I just kind of wanted you to take hold. Like, this is me. This is not just something I do. This is

who I am. Because I knew if you could make that critical shift, everything would change.

Mike Michalowicz: I do remember, I don't remember any of that. And I wonder if it's If it's a

mental block, not a mental block.

AJ Harper: I can still see where we were sitting.

Mike Michalowicz: In that conference room thing, right? I do remember that.

AJ Harper: It's that small, that small conference room.

Mike Michalowicz: Yeah. Which was only like 98 degrees, not 150. What I think it was, was

acceptance. At a certain point. That's the primary emotion I remember is accepting I'm an

author. And then there's this cascade of relief.

I don't know how to equate it. If to anything physically, it's like. Waking in the middle of the

night when I have to go to the bathroom, like, I don't want to go. It's just so much more

comfortable to say is sleeping and the discomfort only grows. And then there's this relief. It's

like, okay, I went to the bathroom.

I can go back to sleep and you sleep more deeply than you ever have. Yeah. It's a horrible

analogy, but that's what it felt like. It's just,

AJ Harper: It's horrible analogy.

Mike Michalowicz: But I was just trying to kind of hold on to everything. There's, there's

this fear if, if I don't pursue entrepreneurship at a hundred percent, if I don't pursue writing

books a hundred percent that I'm falling short, but it was just accepting authorship.

AJ Harper: I think I, I can, I can, I can tell you that I watched you change, uh, it was like, I

couldn't believe it. I knew it would happen.

Mike Michalowicz: It did feel like in that day, in that second.

AJ Harper: You, your commitment level. Was you were trading the book. I know you cared

so much about entrepreneurs. All that was totally legit. You know, you really wanted to get

that out there, but it just still felt like this is one piece of my entrepreneurial puzzle. And once

you made that shift, I don't know, it's like cranked it. You just, all of a sudden you were going

for it.

Mike Michalowicz: Now in your story, did you always want to be an author?

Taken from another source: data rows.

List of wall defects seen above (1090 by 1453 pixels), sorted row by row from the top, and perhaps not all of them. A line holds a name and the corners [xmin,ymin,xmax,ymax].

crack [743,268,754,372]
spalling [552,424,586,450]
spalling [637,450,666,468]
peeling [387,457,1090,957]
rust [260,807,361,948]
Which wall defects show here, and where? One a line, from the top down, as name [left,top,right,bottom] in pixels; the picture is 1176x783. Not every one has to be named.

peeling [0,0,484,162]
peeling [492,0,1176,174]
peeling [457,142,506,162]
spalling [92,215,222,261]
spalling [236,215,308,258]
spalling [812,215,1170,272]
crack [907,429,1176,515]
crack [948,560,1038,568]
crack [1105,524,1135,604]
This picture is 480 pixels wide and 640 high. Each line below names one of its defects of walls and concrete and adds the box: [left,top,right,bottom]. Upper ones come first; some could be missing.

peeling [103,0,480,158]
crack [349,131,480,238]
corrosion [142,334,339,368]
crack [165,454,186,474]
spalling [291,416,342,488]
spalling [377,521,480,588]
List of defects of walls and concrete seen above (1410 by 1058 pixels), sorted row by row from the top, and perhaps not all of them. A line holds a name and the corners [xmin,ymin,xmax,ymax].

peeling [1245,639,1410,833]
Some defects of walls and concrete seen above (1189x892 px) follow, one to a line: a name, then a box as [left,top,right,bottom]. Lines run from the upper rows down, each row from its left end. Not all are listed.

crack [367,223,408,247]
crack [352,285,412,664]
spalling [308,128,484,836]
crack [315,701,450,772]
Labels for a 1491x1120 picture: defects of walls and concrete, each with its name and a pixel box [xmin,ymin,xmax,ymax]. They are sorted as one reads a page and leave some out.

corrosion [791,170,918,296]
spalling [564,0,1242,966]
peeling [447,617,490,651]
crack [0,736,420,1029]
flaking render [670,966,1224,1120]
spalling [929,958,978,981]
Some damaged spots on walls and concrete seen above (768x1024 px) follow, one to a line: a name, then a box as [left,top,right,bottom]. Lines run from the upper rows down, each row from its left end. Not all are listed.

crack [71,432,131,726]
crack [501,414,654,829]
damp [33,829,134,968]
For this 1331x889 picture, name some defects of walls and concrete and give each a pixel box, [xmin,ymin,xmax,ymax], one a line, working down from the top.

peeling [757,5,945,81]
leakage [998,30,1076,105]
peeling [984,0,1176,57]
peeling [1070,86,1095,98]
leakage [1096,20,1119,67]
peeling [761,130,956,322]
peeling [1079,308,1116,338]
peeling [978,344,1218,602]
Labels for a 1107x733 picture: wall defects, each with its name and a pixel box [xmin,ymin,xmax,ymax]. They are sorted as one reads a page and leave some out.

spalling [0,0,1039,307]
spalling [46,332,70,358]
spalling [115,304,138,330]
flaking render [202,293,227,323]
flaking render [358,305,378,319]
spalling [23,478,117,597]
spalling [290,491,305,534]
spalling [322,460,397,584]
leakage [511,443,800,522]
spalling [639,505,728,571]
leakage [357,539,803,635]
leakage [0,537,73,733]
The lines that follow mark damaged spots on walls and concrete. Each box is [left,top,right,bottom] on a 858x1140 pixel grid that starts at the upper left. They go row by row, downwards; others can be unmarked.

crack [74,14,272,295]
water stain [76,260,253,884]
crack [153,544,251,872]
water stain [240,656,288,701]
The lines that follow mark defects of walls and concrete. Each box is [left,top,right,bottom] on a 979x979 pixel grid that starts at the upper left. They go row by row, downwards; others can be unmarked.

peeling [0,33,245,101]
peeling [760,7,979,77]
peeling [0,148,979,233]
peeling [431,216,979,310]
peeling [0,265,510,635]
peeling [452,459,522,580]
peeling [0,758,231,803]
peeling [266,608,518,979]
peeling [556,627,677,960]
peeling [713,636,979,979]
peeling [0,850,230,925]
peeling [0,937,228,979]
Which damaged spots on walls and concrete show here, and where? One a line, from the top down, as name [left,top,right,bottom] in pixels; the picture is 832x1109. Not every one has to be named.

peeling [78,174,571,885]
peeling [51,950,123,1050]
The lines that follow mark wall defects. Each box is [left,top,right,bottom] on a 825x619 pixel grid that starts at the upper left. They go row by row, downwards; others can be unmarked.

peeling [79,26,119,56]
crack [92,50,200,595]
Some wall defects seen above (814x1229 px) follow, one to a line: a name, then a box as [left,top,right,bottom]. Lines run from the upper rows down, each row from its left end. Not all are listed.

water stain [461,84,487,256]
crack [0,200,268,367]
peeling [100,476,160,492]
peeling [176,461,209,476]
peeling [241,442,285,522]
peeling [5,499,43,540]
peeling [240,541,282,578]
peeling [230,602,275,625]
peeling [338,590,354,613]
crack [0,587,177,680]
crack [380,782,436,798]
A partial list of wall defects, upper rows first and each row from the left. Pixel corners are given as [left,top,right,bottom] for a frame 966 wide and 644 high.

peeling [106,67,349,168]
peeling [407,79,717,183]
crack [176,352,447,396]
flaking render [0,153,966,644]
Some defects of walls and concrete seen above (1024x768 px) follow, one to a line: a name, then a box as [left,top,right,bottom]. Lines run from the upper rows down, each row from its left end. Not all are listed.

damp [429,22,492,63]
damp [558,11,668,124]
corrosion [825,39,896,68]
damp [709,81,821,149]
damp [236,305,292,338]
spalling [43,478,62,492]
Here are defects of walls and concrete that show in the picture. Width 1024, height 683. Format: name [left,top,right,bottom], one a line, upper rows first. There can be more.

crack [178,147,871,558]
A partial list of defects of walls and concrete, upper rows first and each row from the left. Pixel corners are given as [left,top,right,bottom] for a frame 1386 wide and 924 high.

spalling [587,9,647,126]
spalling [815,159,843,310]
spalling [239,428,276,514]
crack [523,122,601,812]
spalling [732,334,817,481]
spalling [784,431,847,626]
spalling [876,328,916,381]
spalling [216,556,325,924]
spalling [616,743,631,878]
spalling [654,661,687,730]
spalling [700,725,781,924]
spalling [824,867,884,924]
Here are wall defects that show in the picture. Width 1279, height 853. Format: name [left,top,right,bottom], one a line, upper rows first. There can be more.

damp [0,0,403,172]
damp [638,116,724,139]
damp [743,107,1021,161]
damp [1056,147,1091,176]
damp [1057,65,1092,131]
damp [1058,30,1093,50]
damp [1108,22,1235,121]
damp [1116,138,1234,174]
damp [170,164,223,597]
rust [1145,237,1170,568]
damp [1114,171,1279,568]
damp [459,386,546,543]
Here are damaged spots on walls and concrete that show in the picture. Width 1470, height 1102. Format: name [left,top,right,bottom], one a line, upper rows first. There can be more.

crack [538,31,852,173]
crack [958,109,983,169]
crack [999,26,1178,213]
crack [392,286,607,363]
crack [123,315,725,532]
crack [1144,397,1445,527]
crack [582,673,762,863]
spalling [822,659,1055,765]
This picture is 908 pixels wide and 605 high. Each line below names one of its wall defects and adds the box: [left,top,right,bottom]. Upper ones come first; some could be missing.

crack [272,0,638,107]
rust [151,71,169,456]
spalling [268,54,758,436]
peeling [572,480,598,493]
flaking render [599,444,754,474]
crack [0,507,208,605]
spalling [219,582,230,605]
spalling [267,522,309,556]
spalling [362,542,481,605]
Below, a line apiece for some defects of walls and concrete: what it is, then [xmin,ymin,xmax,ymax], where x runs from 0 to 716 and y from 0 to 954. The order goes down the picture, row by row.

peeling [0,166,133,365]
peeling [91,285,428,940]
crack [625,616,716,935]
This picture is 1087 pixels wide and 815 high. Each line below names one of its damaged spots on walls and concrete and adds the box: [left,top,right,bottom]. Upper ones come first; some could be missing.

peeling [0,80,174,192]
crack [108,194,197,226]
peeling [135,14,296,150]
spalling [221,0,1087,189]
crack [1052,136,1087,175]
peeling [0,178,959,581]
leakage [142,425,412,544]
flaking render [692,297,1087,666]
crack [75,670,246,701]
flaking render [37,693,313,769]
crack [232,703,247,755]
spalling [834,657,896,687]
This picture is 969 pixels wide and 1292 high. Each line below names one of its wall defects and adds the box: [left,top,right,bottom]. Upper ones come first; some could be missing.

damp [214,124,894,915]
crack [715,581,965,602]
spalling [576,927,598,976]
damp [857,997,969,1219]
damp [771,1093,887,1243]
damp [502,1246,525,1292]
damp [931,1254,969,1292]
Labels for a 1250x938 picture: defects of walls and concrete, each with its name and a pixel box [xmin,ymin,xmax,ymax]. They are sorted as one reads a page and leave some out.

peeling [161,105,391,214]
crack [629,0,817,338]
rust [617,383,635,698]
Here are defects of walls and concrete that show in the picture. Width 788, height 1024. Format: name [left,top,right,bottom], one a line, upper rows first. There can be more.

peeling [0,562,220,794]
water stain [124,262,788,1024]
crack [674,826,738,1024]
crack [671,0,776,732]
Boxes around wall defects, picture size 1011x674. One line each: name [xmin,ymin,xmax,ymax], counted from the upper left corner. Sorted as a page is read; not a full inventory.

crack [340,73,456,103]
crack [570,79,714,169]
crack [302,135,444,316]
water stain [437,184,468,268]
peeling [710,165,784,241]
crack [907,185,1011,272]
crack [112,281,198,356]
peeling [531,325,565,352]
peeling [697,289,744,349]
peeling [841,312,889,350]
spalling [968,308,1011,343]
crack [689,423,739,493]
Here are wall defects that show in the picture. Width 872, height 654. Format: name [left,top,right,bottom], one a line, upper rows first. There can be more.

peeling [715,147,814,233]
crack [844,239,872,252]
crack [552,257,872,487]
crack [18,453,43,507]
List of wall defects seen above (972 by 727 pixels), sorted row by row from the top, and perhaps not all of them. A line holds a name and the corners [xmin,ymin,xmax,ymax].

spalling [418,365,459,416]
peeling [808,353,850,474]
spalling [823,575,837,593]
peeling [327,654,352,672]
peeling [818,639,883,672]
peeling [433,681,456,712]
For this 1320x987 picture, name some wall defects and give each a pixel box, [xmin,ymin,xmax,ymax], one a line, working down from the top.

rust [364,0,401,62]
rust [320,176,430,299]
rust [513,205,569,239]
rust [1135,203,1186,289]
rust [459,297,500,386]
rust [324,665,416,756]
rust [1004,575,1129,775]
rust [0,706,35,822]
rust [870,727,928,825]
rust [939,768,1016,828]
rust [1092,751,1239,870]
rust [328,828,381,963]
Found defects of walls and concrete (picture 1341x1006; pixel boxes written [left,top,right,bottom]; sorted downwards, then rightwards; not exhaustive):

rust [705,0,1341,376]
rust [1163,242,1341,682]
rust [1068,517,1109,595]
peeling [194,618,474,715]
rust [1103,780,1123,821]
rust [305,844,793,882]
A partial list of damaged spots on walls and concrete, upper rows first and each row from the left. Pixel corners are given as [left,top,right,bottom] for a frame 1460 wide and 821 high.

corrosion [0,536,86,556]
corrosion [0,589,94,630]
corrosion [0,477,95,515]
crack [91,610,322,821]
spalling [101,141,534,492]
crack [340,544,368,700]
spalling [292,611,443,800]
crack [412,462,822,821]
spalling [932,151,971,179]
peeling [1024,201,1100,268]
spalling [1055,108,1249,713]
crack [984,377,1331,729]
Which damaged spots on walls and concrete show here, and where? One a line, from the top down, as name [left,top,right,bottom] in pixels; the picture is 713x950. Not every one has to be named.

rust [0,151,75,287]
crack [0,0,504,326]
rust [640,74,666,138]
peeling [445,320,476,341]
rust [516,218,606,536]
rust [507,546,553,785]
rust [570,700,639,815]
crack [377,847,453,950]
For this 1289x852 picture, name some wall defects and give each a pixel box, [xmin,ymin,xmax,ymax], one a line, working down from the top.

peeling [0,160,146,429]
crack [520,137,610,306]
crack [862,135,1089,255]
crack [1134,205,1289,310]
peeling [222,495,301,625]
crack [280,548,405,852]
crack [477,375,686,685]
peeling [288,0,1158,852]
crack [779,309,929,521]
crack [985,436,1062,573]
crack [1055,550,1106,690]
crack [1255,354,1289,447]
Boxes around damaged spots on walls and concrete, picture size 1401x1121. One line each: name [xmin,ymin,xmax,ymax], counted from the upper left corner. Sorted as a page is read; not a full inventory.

AJ Harper: Mm hmm. But I mean, I wouldn't have said author, I would have said a writer.

Mike Michalowicz: Okay. Yeah. How would you have distinguished it back then? Why was

one different than the other?

AJ Harper: I don't think I knew I was a child.

Mike Michalowicz: Oh, how far back does it go to your first?

AJ Harper: I read Little Women and the character in Little Women, Jo March, writes a

book. I can still see what I pictured in my mind when she's carrying the manuscript in her

arms. I wanted that so badly. Yeah, I remember thinking, Oh, you can do that. I'm gonna do

that. So, yeah, but I very quickly shifted to when I was 11, I realized that you could write

plays and might have even been earlier because I shared this on a podcast with Jenny Nash on

the #I'm Writing Podcast. She asked me this question and I watched, um, HBO. We had

remember back in the day there was HBO, MTV, and I think maybe CNN and we had like

three It was a big deal to have HBO.

Mike Michalowicz: Yeah.

AJ Harper: It came with an apartment that my mom and I rented. It's the only reason we

could have it, because we couldn't have afforded it otherwise. And, um, they had a recording

of the revival of Neil Simon's Barefoot in the Park on Broadway.

So it was a video of a Broadway show, and she let me watch it, which maybe wasn't

appropriate for my age. But whatever, 80s, that's how it all was. So, I watched it, and I

remember, that's when I knew, I was so caught up in the words, and I thought, I didn't even

understand most of it because it's about newlyweds and all sorts of innuendos that went

completely over my head. But I remember thinking, do you get to write that?

Mike Michalowicz: Mm.

AJ Harper: You know, I just thought that is magic.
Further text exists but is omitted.